As I mentioned, we have just connected with a few families at this point and we would really like to focus in on helping them before widening our circle. One thing to mention here is that a few of these folks need medical treatment. We learned last week that one young teenage girl from one of the families we are helping has tuberculosis. She needs treatment from a special hospital that deals with her type of tuberculosis. We will help her. On Sunday, we learned of another man who has a problem with his eyes and has lost sight in one of them. We will also seek out medical help for him.
It truly seems that the needs are endless. We feel privileged to be called to help. If you are interested in helping with medical treatment or other needs for the refugees, please contact us.
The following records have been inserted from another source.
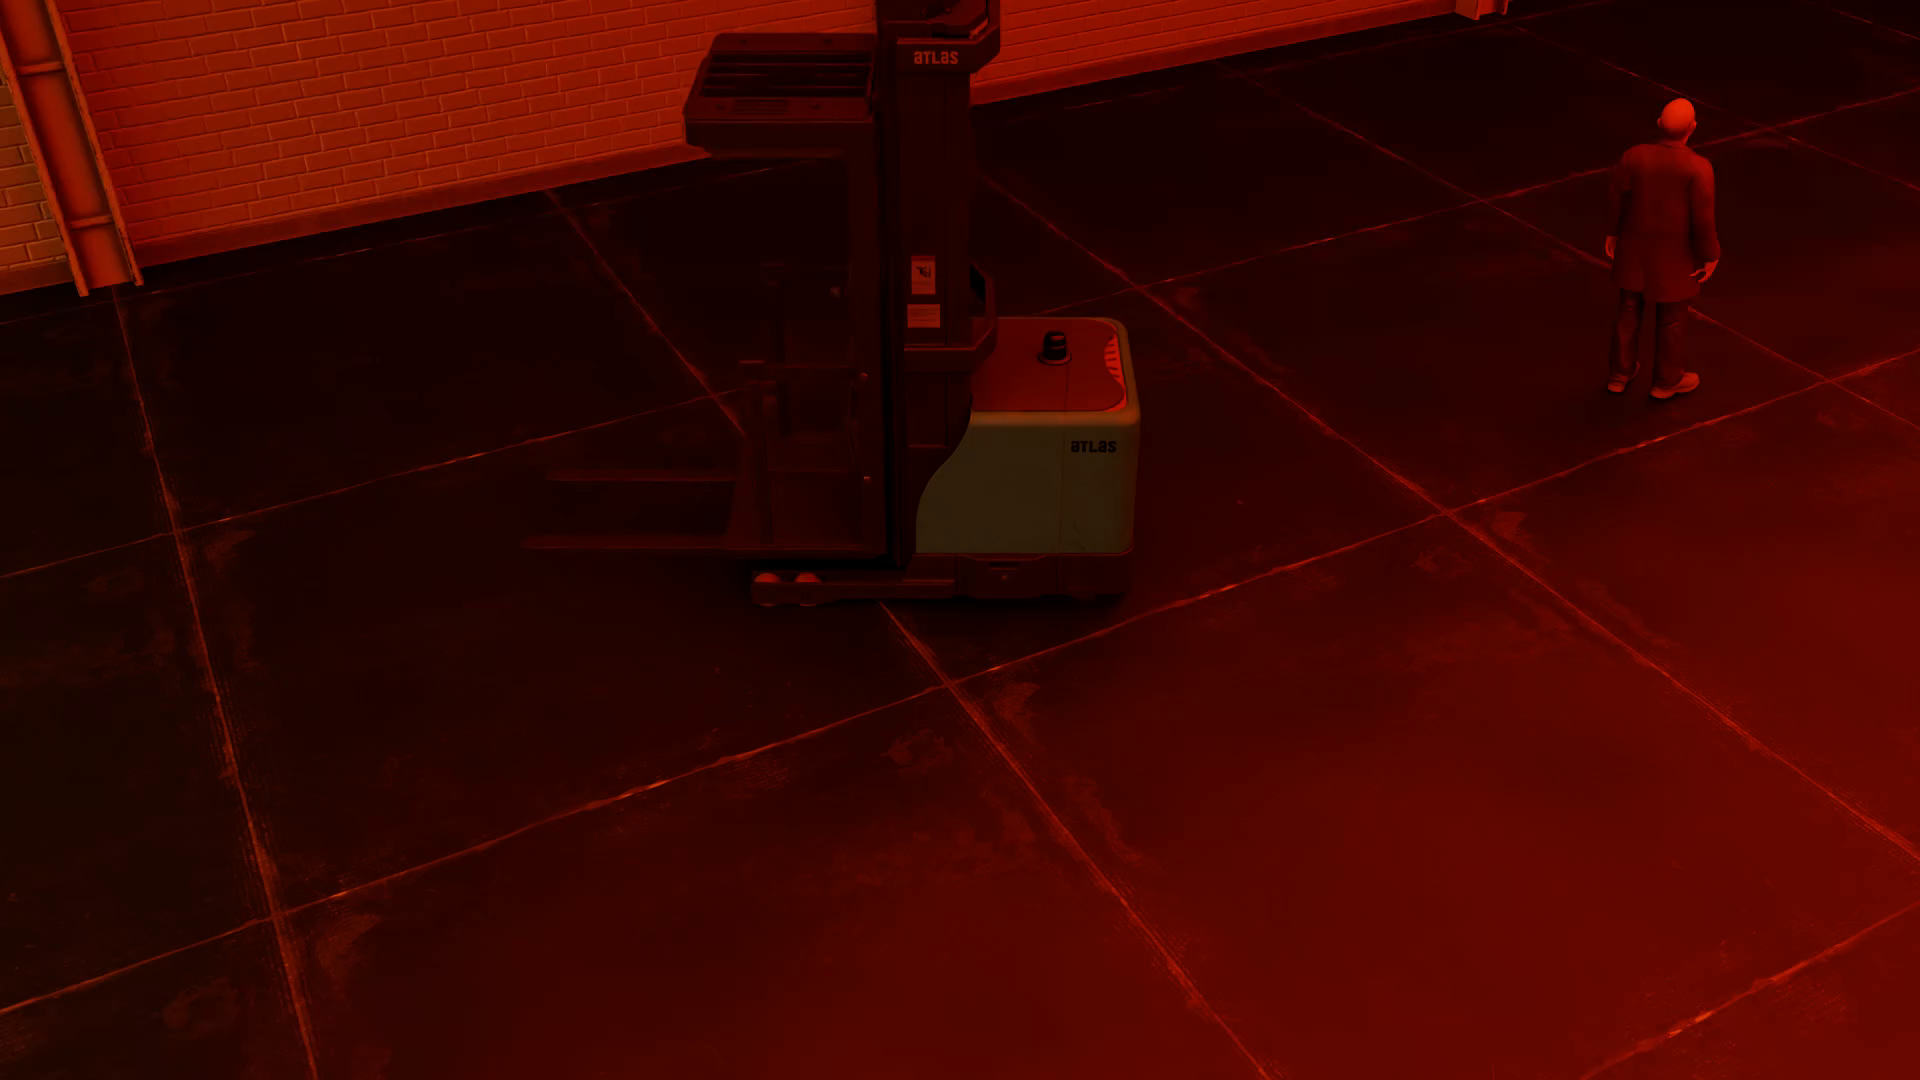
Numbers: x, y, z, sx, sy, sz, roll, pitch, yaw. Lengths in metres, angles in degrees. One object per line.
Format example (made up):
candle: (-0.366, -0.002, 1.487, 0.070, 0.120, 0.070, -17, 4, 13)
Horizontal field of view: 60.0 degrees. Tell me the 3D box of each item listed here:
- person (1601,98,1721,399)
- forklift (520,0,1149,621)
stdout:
person: (4.011, -1.674, 9.478, 0.580, 1.778, 0.698, -29, 44, -34)
forklift: (-0.659, -1.127, 7.717, 3.031, 2.935, 1.130, -4, 35, -6)
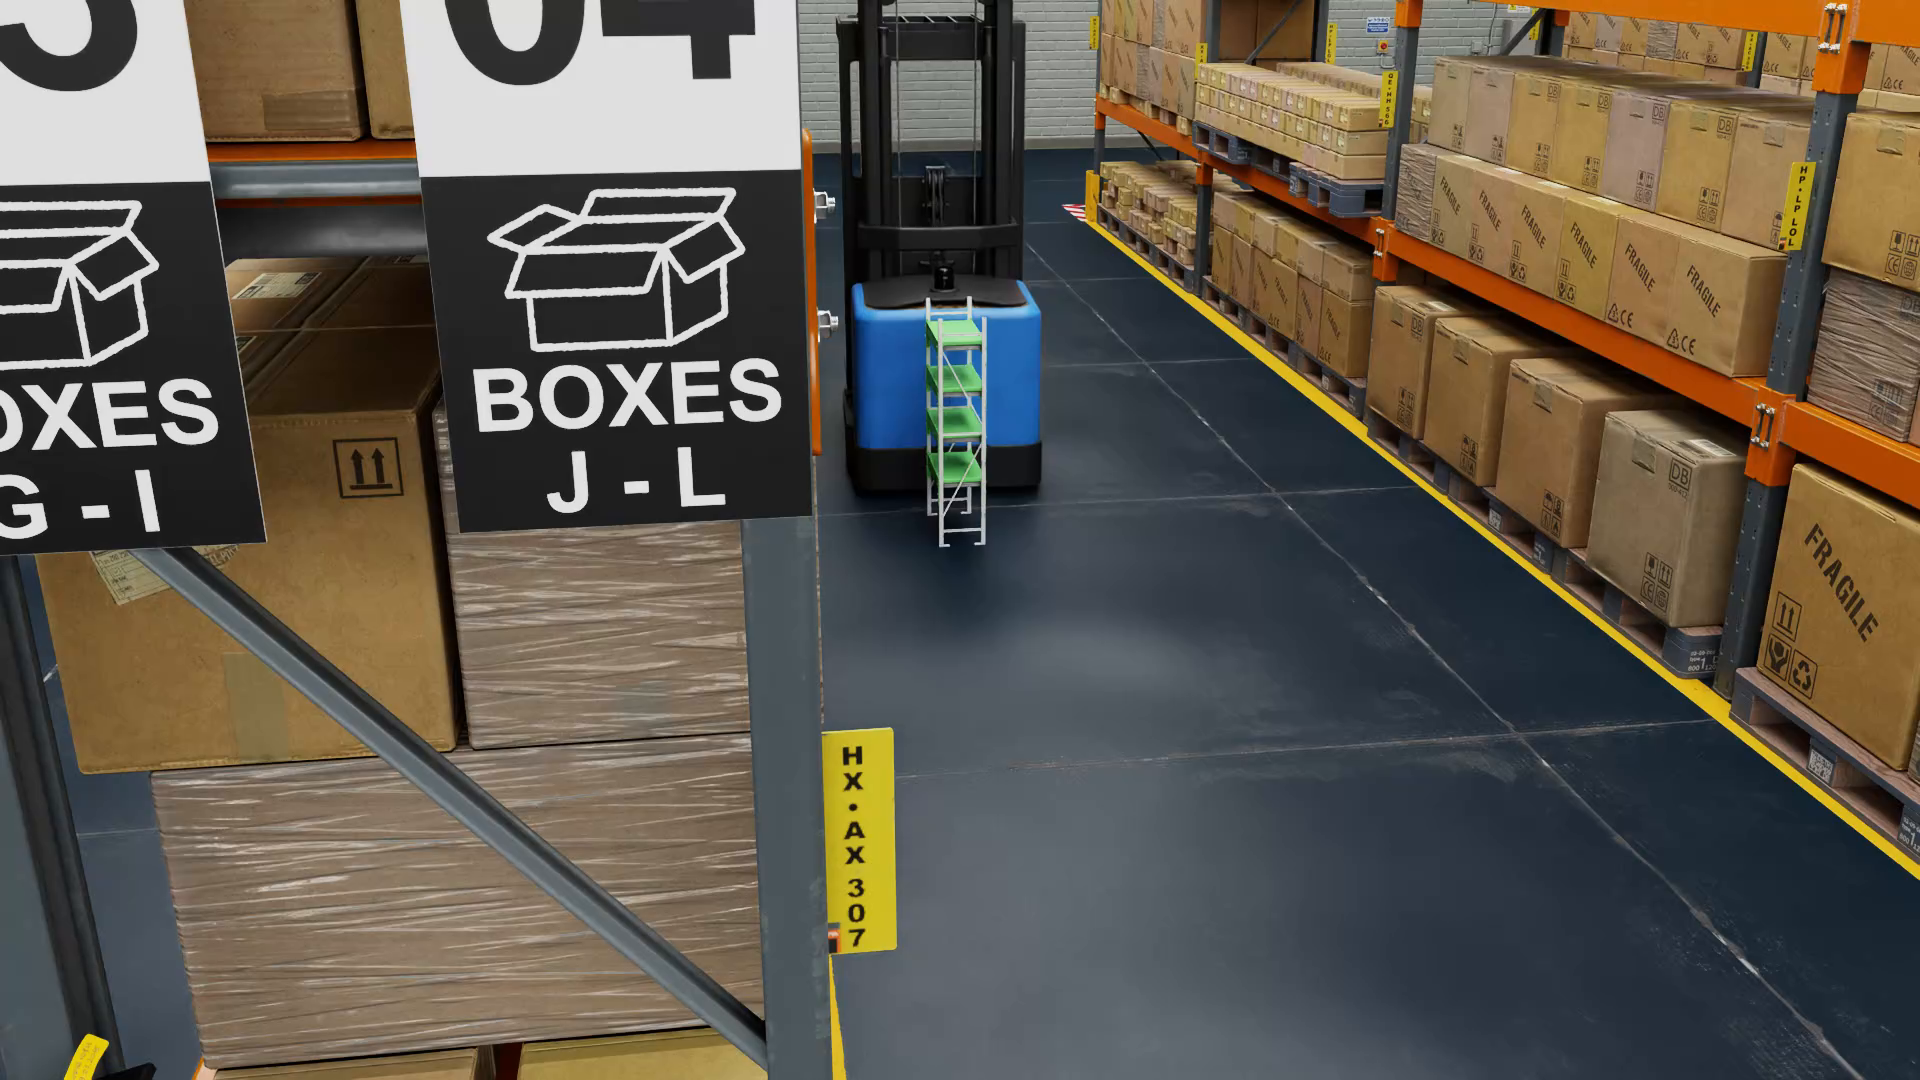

As a family, it seems that we have achieved a bit more balance in the last weeks, despite the busyness of the Christmas season. We believe that is the grace of God and we thank you so very much for your prayers. Joshua is thriving at school and speaking great Turkish. He wakes up excited to go to school. Levi is growing and talking and making us all laugh. We plan to travel as a family to the US in May and June to again give one last push at raising the money needed to finish our church building project. We are so close to the end and its very exciting.
Thank you very much for standing beside us with your faithful prayers! We are grateful!